- [Work required]
With the pictures left out, reproduce exactly the lines from the one containing "Horizontal field of" through the final line of the entries.
--*--
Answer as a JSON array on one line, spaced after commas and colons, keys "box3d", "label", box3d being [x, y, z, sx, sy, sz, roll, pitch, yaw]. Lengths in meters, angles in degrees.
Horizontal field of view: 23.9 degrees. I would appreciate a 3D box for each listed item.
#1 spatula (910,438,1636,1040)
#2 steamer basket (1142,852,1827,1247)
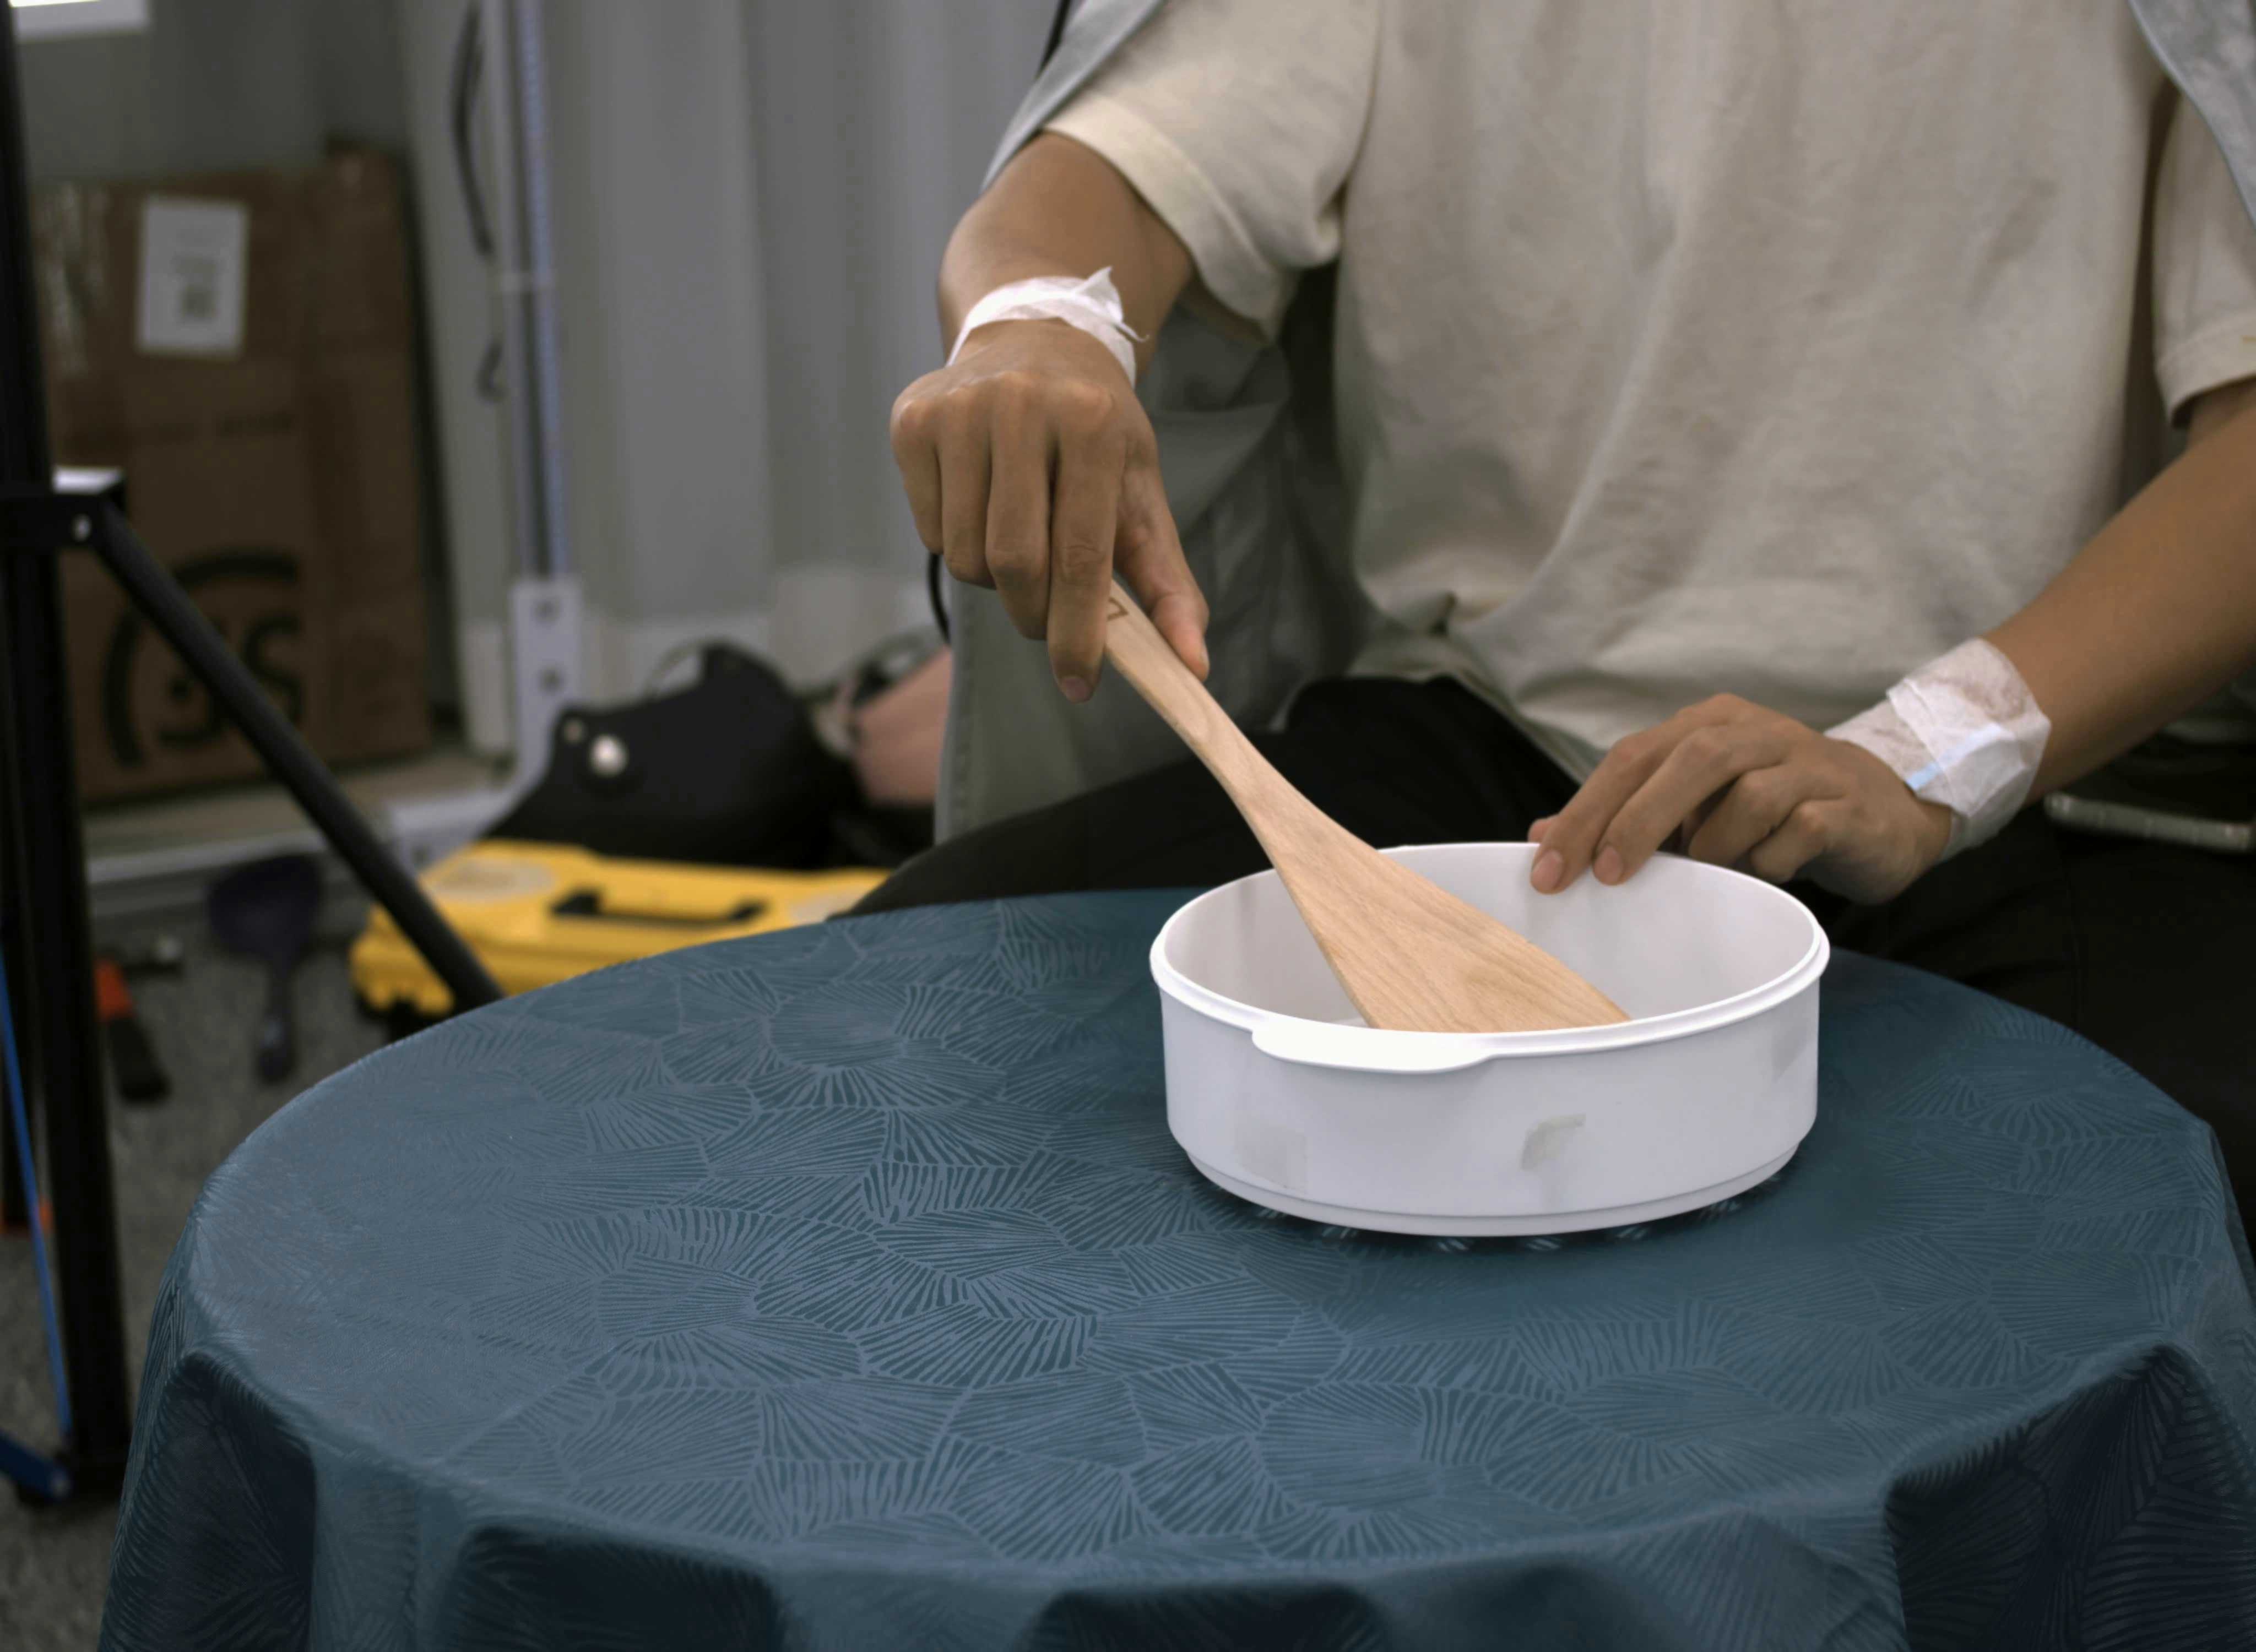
[{"box3d": [0.039, -0.017, 1.621, 0.078, 0.016, 0.334, -20, 55, -38], "label": "spatula"}, {"box3d": [0.105, 0.066, 1.568, 0.205, 0.069, 0.227, 6, 17, 25], "label": "steamer basket"}]
--*--
- [Task result]
Horizontal field of view: 23.9 degrees. I would appreciate a 3D box for each listed item.
#1 spatula (910,438,1636,1040)
#2 steamer basket (1142,852,1827,1247)
[{"box3d": [0.039, -0.017, 1.621, 0.078, 0.016, 0.334, -20, 55, -38], "label": "spatula"}, {"box3d": [0.105, 0.066, 1.568, 0.205, 0.069, 0.227, 6, 17, 25], "label": "steamer basket"}]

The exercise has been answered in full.